В шпионаже Браун был новичок.
Он с час наблюдал, как Элис читает, когда в дверь громко постучали. Браун растерялся, потому что не понял, стучат ли в дверь его номера или в дверь комнаты Элис в общаге. Он замер. Прислушался. И с облегчением увидел, что Элис спрыгнула с кровати и пошла открывать дверь.
– О, привет, – проговорила она.
– Можно к тебе?
Новый голос. Женский. Женский голос.
– Конечно. Заходи, рада тебя видеть, – ответила Элис.
– Я получила твою записку, – сказала девушка, и Браун узнал ее: первокурсница из соседней комнаты, девица в больших круглых очках, Фэй Андресен.
– Я хотела перед тобой извиниться, – пояснила Элис, – за то, как вела себя в “Доме свободы”.
– Да ладно, все в порядке.
– Нет. Я снова тебя обидела. Так нельзя. Это не по-товарищески. Зря я на тебя набросилась. Прости, пожалуйста.
– Конечно.
Браун впервые слышал, чтобы Элис перед кем-то извинялась или в чем-то раскаивалась.
– Если хочешь переспать с Себастьяном, это твое личное дело, – добавила она.
– Я не говорила, что хочу с ним переспать, – возразила Фэй.
– Если ты хочешь, чтобы Себастьян тебя трахнул, это твое личное дело.
– Да ну при чем тут это.
– Если ты хочешь, чтобы Себастьян всадил тебе так, что в глазах потемнело…
– Хватит уже!
Девчонки рассмеялись.
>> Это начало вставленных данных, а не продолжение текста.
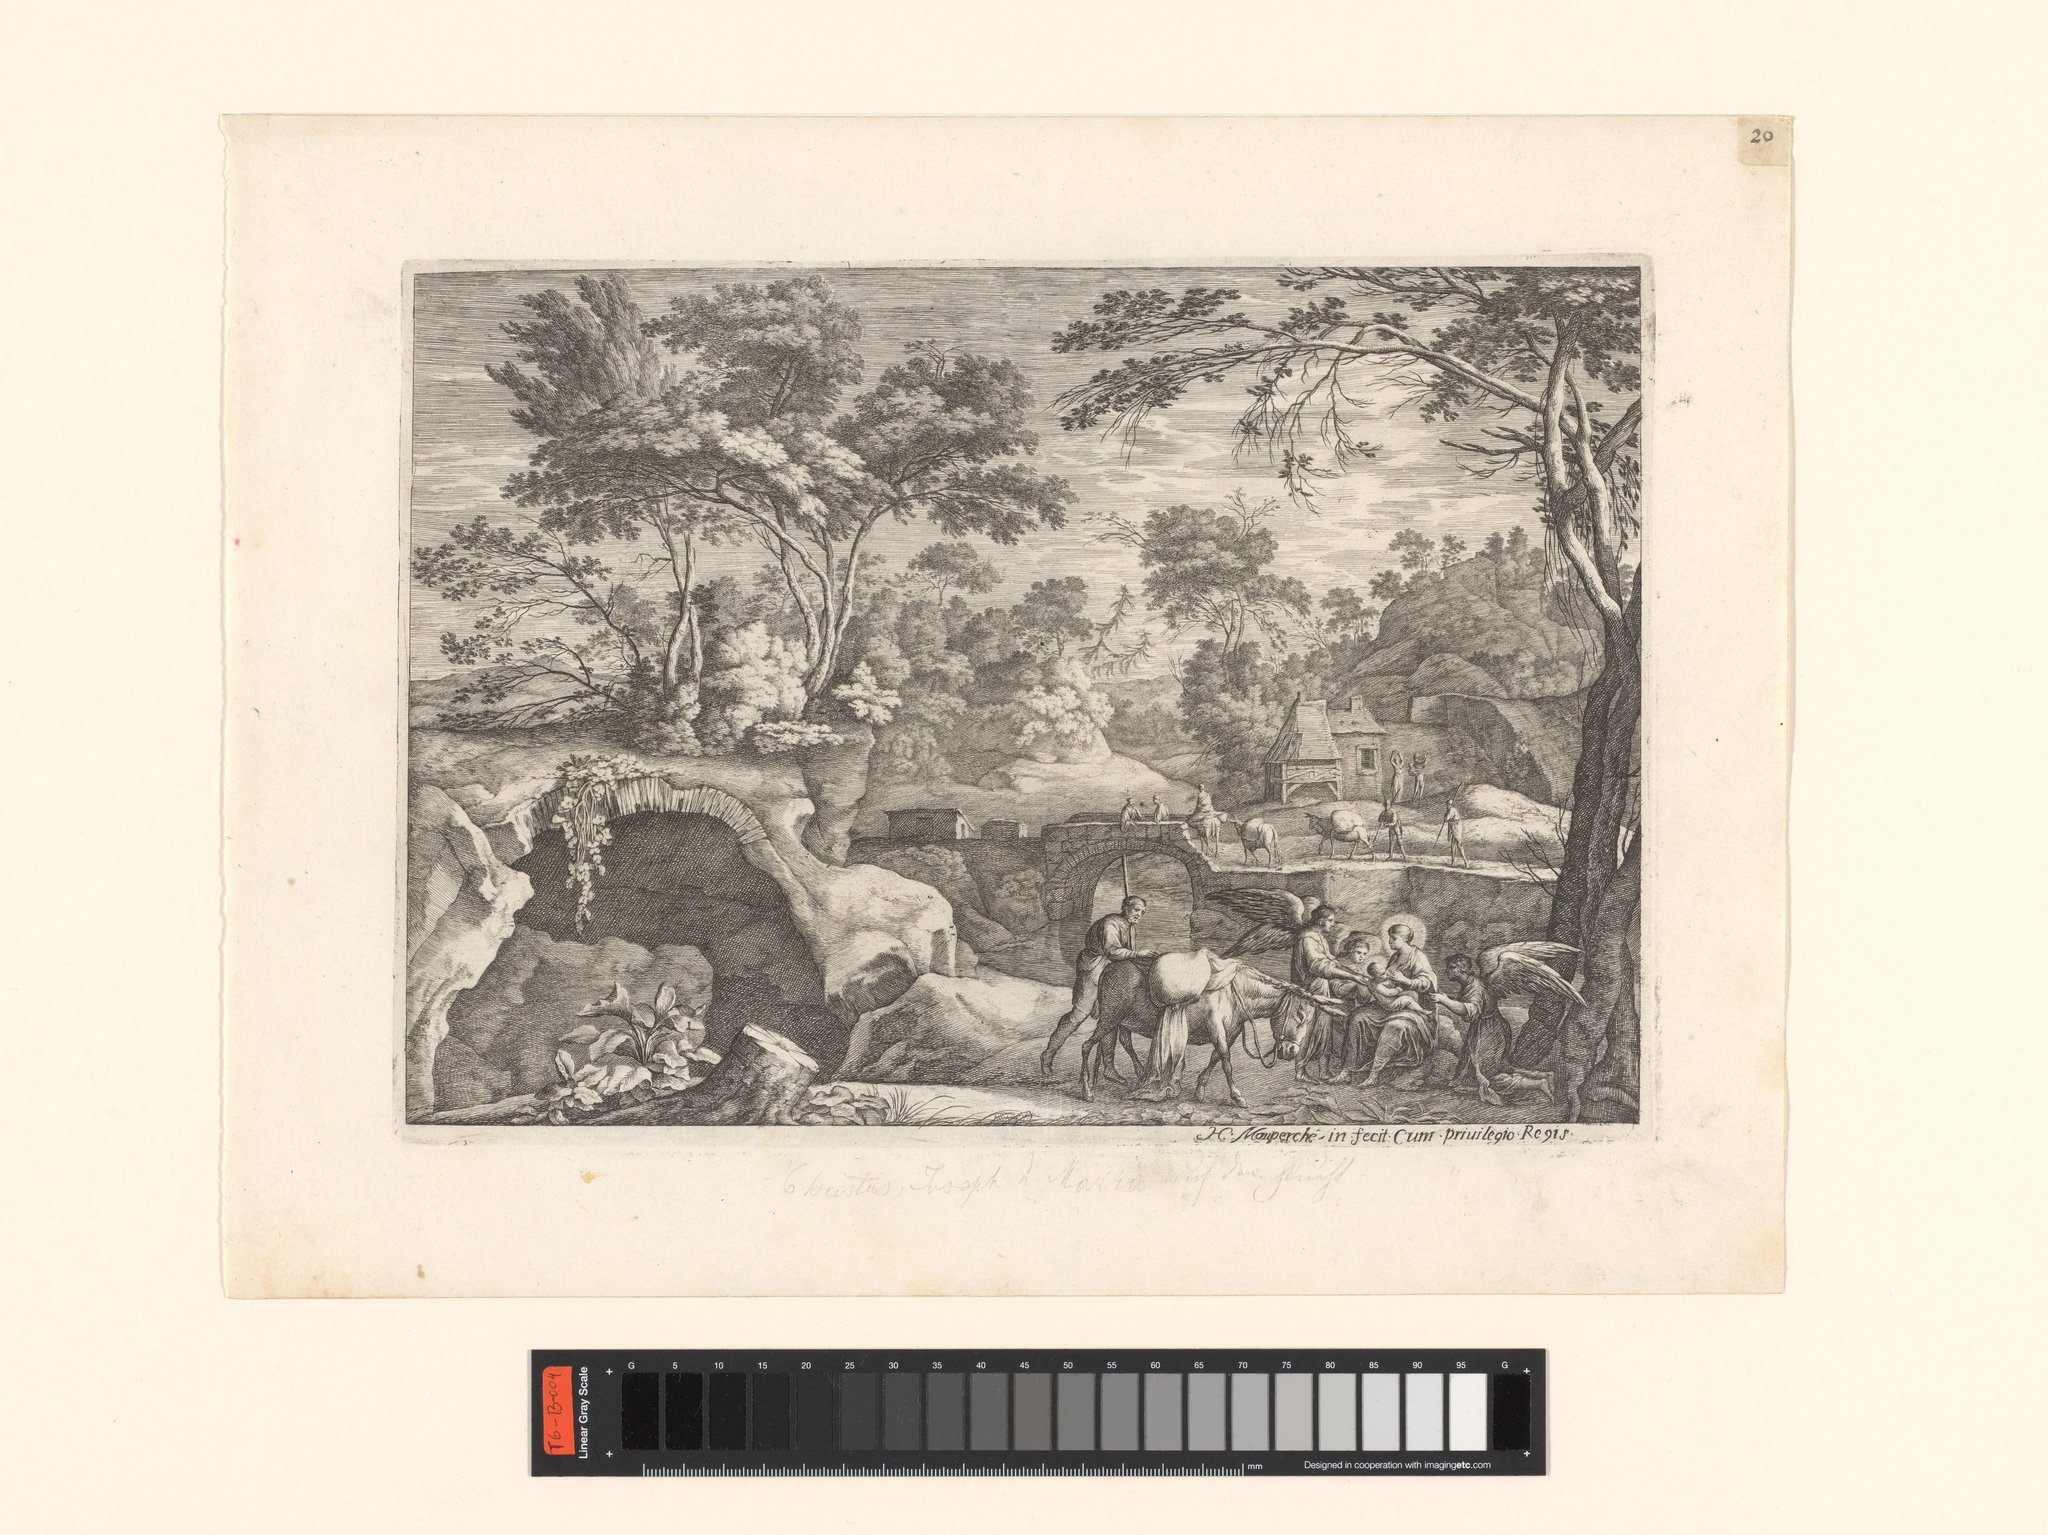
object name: print
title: Rust op de vlucht naar Egypte
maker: henri mauperché
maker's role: painter, print maker
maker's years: 1602-1686
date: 1639-1656
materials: paper
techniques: etching
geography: paris
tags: rest on the flight into egypt, rest on the flight into egypt - bb - landscape predominant
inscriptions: collector's mark: Lugt 2228, collector's mark: Lugt 2760
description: Het gaat om afdrukken van de eerste staat vóór het adres van Giffart. Ze zijn afkomstig uit een prentalbum, zoals blijkt uit ruime marges en folio-nummering in bruine inkt. RP-P-2019-196 t/m 201.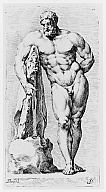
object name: print
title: Hercules after the antique
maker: jan de bisschop
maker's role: artist
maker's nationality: dutch
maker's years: 1628-1671
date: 1601-1700
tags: hercules

Браун пометил у себя в журнале: “Смеются”. Он сам не знал, нужно ли это, пригодится ли потом, когда он вернется к записям. В Красном отряде ему толком не объяснили, как вести наблюдение.
– Так что там с Себастьяном, – поинтересовалась Элис, – он уже к тебе подкатывал?
– В каком смысле “подкатывал”?
– Ну, приставал? Лез с нежностями?
Фэй с минуту смотрела на Элис и о чем-то думала.
– Так это твоих рук дело?
– То есть приставал?
– Ты ему что-то сказала? – допытывалась Фэй. – Что ты ему наплела?
– Я лишь проинформировала его о том, что ты им интересуешься.
– Боже мой!
– И о том, что он тебе очень нравится.
– О нет!
– Рассказала о том, что в глубине души ты питаешь к нему нежные чувства.
– Вот именно, в глубине души. И это никого не касается.
– Я решила ускорить процесс. Мне хотелось загладить вину. За то, что прочитала тебе мораль в “Доме свободы”. Теперь мы квиты. Не благодари.
– И в чем же мы квиты? Ты считаешь, что сделала мне одолжение?
Фэй мерила шагами комнату. Элис сидела по-турецки на кровати. Вся эта сцена явно ее веселила.
– Ты бы молча страдала и сохла по нему, – ответила Элис. – Разве не так? Ты бы никогда не осмелилась ему признаться.
– Откуда ты знаешь? И вовсе бы я не страдала.
– Значит, он все-таки к тебе приставал. И как же именно?
Фэй остановилась и посмотрела на Элис. Та прикусила щеку изнутри.
– Облизал мне ухо во время медитации.
– Сексуально.
Браун пометил в журнале: “Облизал ухо”.
– И позвал к себе, – добавила Фэй. – В четверг вечером.
– То есть накануне демонстрации.
– Да.
– Как романтично.
– Ну, в общем, да.
– Нет, ты не понимаешь. Это ж офигеть как романтично. Это же самый важный день в его жизни. Он пойдет на демонстрацию протеста, а это опасно, могут быть беспорядки. Его могут побить, ранить, а то и убить. Как знать? И он хочет провести последний свободный вечер с тобой.
– Именно так.
– Прямо как у Гюго.
Фэй уселась за стол Элис и уставилась в пол.
– У меня ведь дома парень есть. Генри. Хочет на мне жениться.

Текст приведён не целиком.